Proposals to accelerate the development of tuberculosis (TB) drugs were outlined today at the conclusion of a two-day symposium titled 'No Time to Wait' convened in New York this week by the international medical humanitarian organization Doctors Without Borders/Medecins Sans Frontieres (MSF) with the support of Howard P. Milstein and Weill Cornell Medical College's Abby and Howard P. Milstein Program in Chemical Biology. The symposium brought together more than 100 TB specialists, drug developers and regulators, policy makers, donors and activists to outline practical proposals to fill the gaps in TB drug research and development (R&D).

'We are failing people with TB,' said Dr. Tido von Schoen-Angerer, Director
of MSF's Campaign for Access to Essential Medicines. 'Diagnosing and
treating TB is one of the greatest challenges facing health care providers
around the world. Things are going from bad to worse with multi-drug
resistant TB and even extensively drug resistant (XDR) TB, particularly in
settings with high HIV prevalence. The urgency for new tools could not be
greater, there is no time to wait.'

TB kills nearly two million people per year, primarily because of
inadequate diagnostic and treatment tools. While roughly one drug for HIV
has been developed each year since the start of the epidemic 25 years ago,
the latest novel TB drug in today's standard therapy was developed in the
1960s. Basic science is not being translated into new TB drugs needed to
improve treatment, according to an MSF analysis of the TB drug pipeline.

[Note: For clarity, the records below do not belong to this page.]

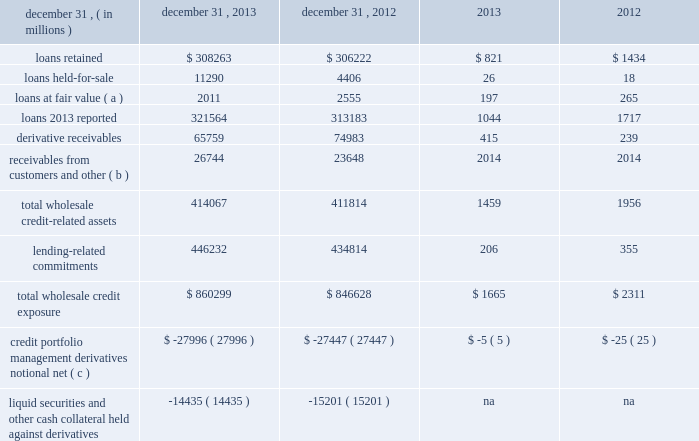Management 2019s discussion and analysis 130 jpmorgan chase & co./2013 annual report wholesale credit portfolio the wholesale credit environment remained favorable throughout 2013 driving an increase in commercial client activity .
Discipline in underwriting across all areas of lending continues to remain a key point of focus , consistent with evolving market conditions and the firm 2019s risk management activities .
The wholesale portfolio is actively managed , in part by conducting ongoing , in-depth reviews of credit quality and of industry , product and client concentrations .
During the year , wholesale criticized assets and nonperforming assets decreased from higher levels experienced in 2012 , including a reduction in nonaccrual loans by 39% ( 39 % ) .
As of december 31 , 2013 , wholesale exposure ( primarily cib , cb and am ) increased by $ 13.7 billion from december 31 , 2012 , primarily driven by increases of $ 11.4 billion in lending-related commitments and $ 8.4 billion in loans reflecting increased client activity primarily in cb and am .
These increases were partially offset by a $ 9.2 billion decrease in derivative receivables .
Derivative receivables decreased predominantly due to reductions in interest rate derivatives driven by an increase in interest rates and reductions in commodity derivatives due to market movements .
The decreases were partially offset by an increase in equity derivatives driven by a rise in equity markets .
Wholesale credit portfolio december 31 , credit exposure nonperforming ( d ) .
Receivables from customers and other ( b ) 26744 23648 2014 2014 total wholesale credit- related assets 414067 411814 1459 1956 lending-related commitments 446232 434814 206 355 total wholesale credit exposure $ 860299 $ 846628 $ 1665 $ 2311 credit portfolio management derivatives notional , net ( c ) $ ( 27996 ) $ ( 27447 ) $ ( 5 ) $ ( 25 ) liquid securities and other cash collateral held against derivatives ( 14435 ) ( 15201 ) na na ( a ) during 2013 , certain loans that resulted from restructurings that were previously classified as performing were reclassified as nonperforming loans .
Prior periods were revised to conform with the current presentation .
( b ) receivables from customers and other primarily includes margin loans to prime and retail brokerage customers ; these are classified in accrued interest and accounts receivable on the consolidated balance sheets .
( c ) represents the net notional amount of protection purchased and sold through credit derivatives used to manage both performing and nonperforming wholesale credit exposures ; these derivatives do not qualify for hedge accounting under u.s .
Gaap .
Excludes the synthetic credit portfolio .
For additional information , see credit derivatives on pages 137 2013138 , and note 6 on pages 220 2013233 of this annual report .
( d ) excludes assets acquired in loan satisfactions. .
What was the percentage change in loans reported from 2012 to 2013? 
Computations: ((321564 - 313183) / 313183)
Answer: 0.02676. Management 2019s discussion and analysis 130 jpmorgan chase & co./2013 annual report wholesale credit portfolio the wholesale credit environment remained favorable throughout 2013 driving an increase in commercial client activity .
Discipline in underwriting across all areas of lending continues to remain a key point of focus , consistent with evolving market conditions and the firm 2019s risk management activities .
The wholesale portfolio is actively managed , in part by conducting ongoing , in-depth reviews of credit quality and of industry , product and client concentrations .
During the year , wholesale criticized assets and nonperforming assets decreased from higher levels experienced in 2012 , including a reduction in nonaccrual loans by 39% ( 39 % ) .
As of december 31 , 2013 , wholesale exposure ( primarily cib , cb and am ) increased by $ 13.7 billion from december 31 , 2012 , primarily driven by increases of $ 11.4 billion in lending-related commitments and $ 8.4 billion in loans reflecting increased client activity primarily in cb and am .
These increases were partially offset by a $ 9.2 billion decrease in derivative receivables .
Derivative receivables decreased predominantly due to reductions in interest rate derivatives driven by an increase in interest rates and reductions in commodity derivatives due to market movements .
The decreases were partially offset by an increase in equity derivatives driven by a rise in equity markets .
Wholesale credit portfolio december 31 , credit exposure nonperforming ( d ) .
Receivables from customers and other ( b ) 26744 23648 2014 2014 total wholesale credit- related assets 414067 411814 1459 1956 lending-related commitments 446232 434814 206 355 total wholesale credit exposure $ 860299 $ 846628 $ 1665 $ 2311 credit portfolio management derivatives notional , net ( c ) $ ( 27996 ) $ ( 27447 ) $ ( 5 ) $ ( 25 ) liquid securities and other cash collateral held against derivatives ( 14435 ) ( 15201 ) na na ( a ) during 2013 , certain loans that resulted from restructurings that were previously classified as performing were reclassified as nonperforming loans .
Prior periods were revised to conform with the current presentation .
( b ) receivables from customers and other primarily includes margin loans to prime and retail brokerage customers ; these are classified in accrued interest and accounts receivable on the consolidated balance sheets .
( c ) represents the net notional amount of protection purchased and sold through credit derivatives used to manage both performing and nonperforming wholesale credit exposures ; these derivatives do not qualify for hedge accounting under u.s .
Gaap .
Excludes the synthetic credit portfolio .
For additional information , see credit derivatives on pages 137 2013138 , and note 6 on pages 220 2013233 of this annual report .
( d ) excludes assets acquired in loan satisfactions. .
What was the percentage change in total wholesale credit-related assets from 2012 to 2013? 
Computations: ((414067 - 411814) / 411814)
Answer: 0.00547.

There are not enough promising drugs in the pipeline and serious funding
gaps prevent the development of candidate drug compounds through to
clinical trials.

Resistance to TB drugs is growing at a rapid pace, with 450,000 new cases
of drug-resistant TB detected each year. The recent detection of hundreds
of cases of XDR-TB, which is extremely difficult and sometimes impossible
to treat, adds further urgency to the situation. TB remains the main killer
of people with HIV, in large part because existing TB drugs and tests are
poorly adapted for use in people with HIV and AIDS.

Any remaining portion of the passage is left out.